Oleh karena itu, tindakan memaksa pasangan melakukan seks oral adalah suatu tindakan yang menyimpang yang perlu diatur lebih lanjut dalam Rancangan Undang-Undang Penghapusan Kekerasan Seksual.
“Memang itu (tindakan memaksa oral) bukan menjadi tindakan kejahatan secara harfiah ya, tetapi sebagai perempuan kalau kita tahu itu berisiko infeksi. Tentunya kita bisa menolak,” ujar Hanny.
Hanny mengatakan Data infeksi menular seksual (IMS) pada anak dengan kekerasan seksual meliputi keadaan patologis berat dan infeksi saluran reproduksi berat dan dapat menimbulkan komplikasi yang prevalensinya 1- 20 persen dari total kejadian kekerasan seksual.

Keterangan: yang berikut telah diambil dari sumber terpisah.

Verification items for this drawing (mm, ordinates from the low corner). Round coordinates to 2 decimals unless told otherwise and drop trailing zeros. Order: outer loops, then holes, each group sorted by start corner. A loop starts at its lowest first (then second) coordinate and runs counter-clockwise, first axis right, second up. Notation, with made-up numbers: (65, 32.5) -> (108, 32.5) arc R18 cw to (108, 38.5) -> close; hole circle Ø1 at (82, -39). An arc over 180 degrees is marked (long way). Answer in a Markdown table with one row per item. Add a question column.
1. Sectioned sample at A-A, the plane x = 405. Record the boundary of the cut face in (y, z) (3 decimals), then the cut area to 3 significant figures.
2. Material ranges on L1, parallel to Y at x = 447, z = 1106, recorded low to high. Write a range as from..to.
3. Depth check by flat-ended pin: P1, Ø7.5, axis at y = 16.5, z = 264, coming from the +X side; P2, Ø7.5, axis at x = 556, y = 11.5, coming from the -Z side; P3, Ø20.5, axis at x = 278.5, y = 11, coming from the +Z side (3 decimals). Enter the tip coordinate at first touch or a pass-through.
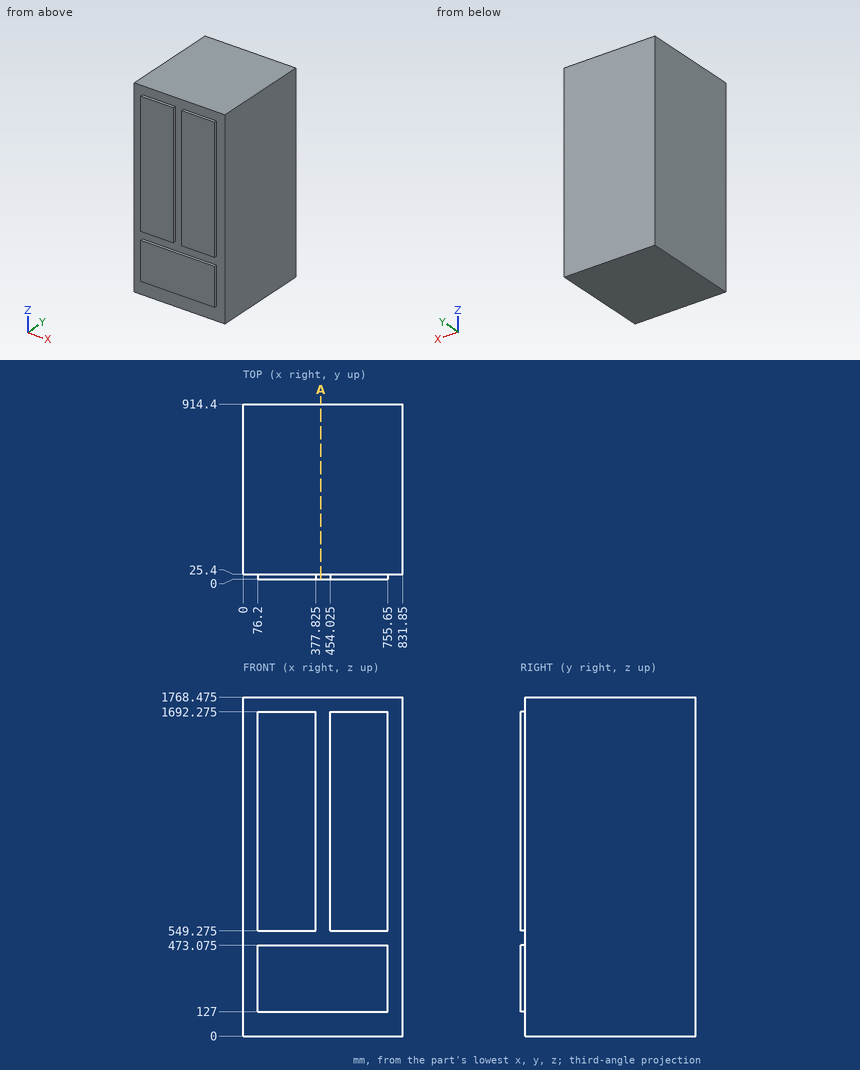
Answer key:
| question | item | result |
|---|---|---|
| 1 | outline | (0, 127) -> (25.4, 127) -> (25.4, 0) -> (914.4, 0) -> (914.4, 1768.475) -> (25.4, 1768.475) -> (25.4, 473.075) -> (0, 473.075) -> close |
| 1 | area | 1,580,000 mm² |
| 2 | L1 | y = 25.4..914.4 |
| 3 | P1 | stops at x = 755.65 |
| 3 | P2 | stops at z = 127 |
| 3 | P3 | stops at z = 1692.275 |

“Untuk itu, ketika kesakitan meningkat, angka kematian karena infeksi meningkat, bukannya menjadi beban negara?” ujar Hanny.
Menanggapi hal itu, Wakil Ketua Umum Ikatan Cendekiawan Muslim Indonesia (ICMI), Sri Astuti mengatakan pelaku kekerasan seksual harus mendapatkan pidana dan denda akibat tindak kejahatan yang dilakukannya.
Pidana dan denda itu berdasarkan kerugian dan penderitaan yang dialami korban kekerasan seksual.
“Terjadi kerugian ekonomi, maka pelaku harus memberikan kompensasi kepada korban sebesar Rp100 juta hingga Rp1 miliar. Sedangkan pidana bagi pelaku kejahatan seksual adalah 15 tahun penjara,” ujar Sri.